As noted earlier, each of the PBPs identified was based on the literature, internal data analysis, and benchmarking visits. However, frequent reassessment of the literature must occur to validate the PBP creation process. For example, during the early CLD group meetings, dexamethasone use was identified as a potentially effective means of reducing lung inflammation and subsequent injury. However, during the ensuing 2 years, several studies that revealed significant long-term morbidity associated with early prophylactic use and later use of this drug were reported or published. This prompted a change in focus to reducing the use of dexamethasone and if used to a very low dose for a brief period of time. Finally, it is important to remember that implementation of any PBP may have an effect on other outcomes. For example, use of vitamin A to minimize CLD was identified as a PBP. However, the recommended protocol based on a published randomized controlled trial involves 14 intramuscular injections over 28 days.6 In competition with improved CLD rates from the vitamin A PBP is the increased risk of nosocomial infection in infants who have a high number of needle sticks. Thus, methods of ongoing measuring and monitoring are essential whenever any of the PBPs are implemented.

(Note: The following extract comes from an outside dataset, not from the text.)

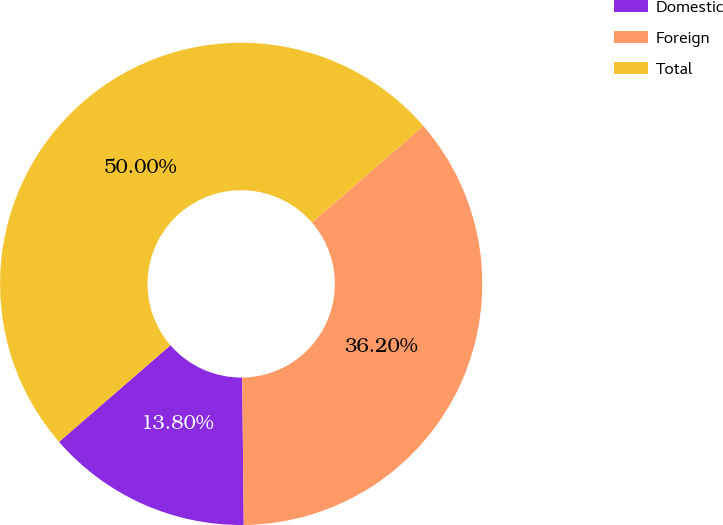Convert chart to OTSL. <chart><loc_0><loc_0><loc_500><loc_500><pie_chart><fcel>Domestic<fcel>Foreign<fcel>Total<nl><fcel>13.8%<fcel>36.2%<fcel>50.0%<nl></chart> 
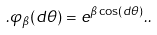Convert formula to latex. <formula><loc_0><loc_0><loc_500><loc_500>. \varphi _ { \beta } ( d \theta ) = e ^ { \beta \cos ( d \theta ) } . .</formula>

The final component of the CLD focus group’s project was the patient database. Although difficult to create, this database will probably prove to be the most compelling argument for aggressive implementation of PBPs. Change concepts can be suggested based on the literature, benchmarking visits, and internal analysis of practice process. However, positive results must be achieved, maintained, and demonstrated for changes to become ingrained in the culture. Without the ability to demonstrate improvement, the ongoing process of rapid-cycle improvement efforts may eventually be abandoned. Other advantages of the database include an ability to monitor balancing measures and an ability to stratify outcomes based on known risk factors such as birth weight, gender, ethnicity, or site of care.
In summary, the process of establishing the CLD group as a component of a larger collaborative has allowed each participating site to establish and implement efficiently several evidence-based PBPs. Future efforts of the group will include completing collection of postintervention outcome data to determine whether efforts had an effect on CLD rates and on secondary outcomes. Efforts to risk-adjust CLD rates and to examine the effects of PBPs on other outcomes such as growth and central nervous system development will be the next phase in the evolution of this collaborative quality improvement process.